Buying an Electronic Lab Notebook | Sapio Sciences Blog

02/15/2022

Buying the Right Electronic Lab Notebook is Hard

Today there are likely 50+ Electronic Lab Notebooks (ELN) on the market.  Given that, how is one to find the right one for their needs?  Well, it’s not easy is the truth.  Therefore it’s important to not be hasty in your selection or to simply buy the low cost option that “looks OK.”

ELN’s have Evolved from their Chemistry Roots

If you go back 20 years or so almost all Electronic Lab Notebooks were chemistry focused.  They would help you design molecules, the primary drug type at the time, and inventory them, search for them etc.  If you were a chemist, these were great tools to assist you in your day to day scientific work.  But they really were not intended or designed to be general lab notebooks, or able to deal with new treatment modalities with the introduction of large molecules in more recent times.

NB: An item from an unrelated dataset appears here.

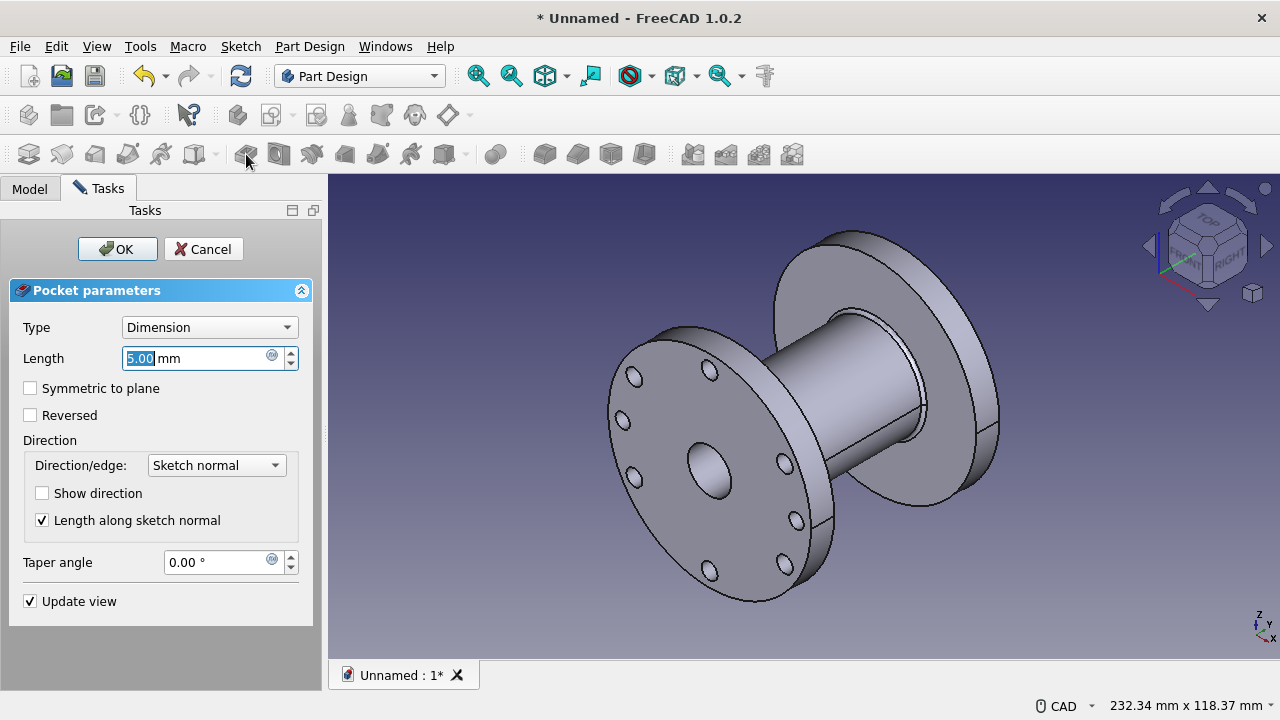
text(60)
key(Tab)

The ELN Evolution continues, but now with a heavy focus on Large Molecule

History has repeated itself now with ELN’s now being introduced that target large molecule work with tools like plasmid editors, but also some more general lab notebook capabilities like a registry and general note taking capabilities.   The chem ELN vendors are also trying, usually via acquisition or partnerships, to address their shortcomings in the large molecule space, and the large molecule ELN vendors are trying to incorporate small molecule support as well.

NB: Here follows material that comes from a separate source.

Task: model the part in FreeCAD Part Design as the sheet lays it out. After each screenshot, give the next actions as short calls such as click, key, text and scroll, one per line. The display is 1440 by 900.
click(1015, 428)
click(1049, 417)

The problem with both ELN approaches is three-fold:

  • They still primarily focus on either small or large molecules and are not general ELN platforms that do equally well in either domain
  • They do not sufficiently address LIMS system needs as this is still viewed as a separate application domain
  • Buying a bunch of different solutions, even with prebuilt integrations, still creates a discontinuity of workflow, user and administrative experience

A Digital Transformation Perspective

Instead of looking to buy an ELN or a LIMS, you should look for an informatics platform that unites both LIMS and ELN features into a single, low-code, no-code solution.  The ideal electronic lab notebook should also be the ideal LIMS system, no matter what types of drugs you are creating or processes you are modeling.  It should also include science aware tools for designing molecules, reactions, plasmids, or CRISPR even.  But it should also include powerful searching, data visualizations, and informatics so you can search, visualize and analyse data across your enterprise that has been digitally transformed.  It should be quickly adaptable, the hallmark of a platform, even if it lacks something you need.

What to watch out for

Some vendors perform excellent packaged demos, and/or instead of selling their solution sell you on who else they have sold to.  Also watch out for vendors whose organization is largely comprised of sales people.  If you are getting calls from multiple sales people from the same company, run the other way!

It’s critical to perform your own, detailed evaluation!  Make the vendor do a deep dive into their product…get them outside their comfort zone by presenting challenges to them that go beyond their well crafted demo.  If they don’t step up to the plate and show they can do it then its likely their solution is not really a platform and will be hard to implement or even get to do what you need at all no matter the amount of money and time you throw at it.

We will close with a comment from Kevin, our CEO and Chief Scientist, “Increasingly biotech and pharma R&D organizations are looking for our unified low-code, no-code informatics platform on which all our applications are built and tightly integrated.  This enables our customers to digitally transform their organizations to streamline their operations, reduce costs and accelerate discovery which is our driving mission.  We aim to support design of molecules, both small and large…to make data collection and searching easy, and then to enable powerful data visualizations and assistive data interpretation using advanced analytics and machine learning to facilitate scientists R&D efforts.”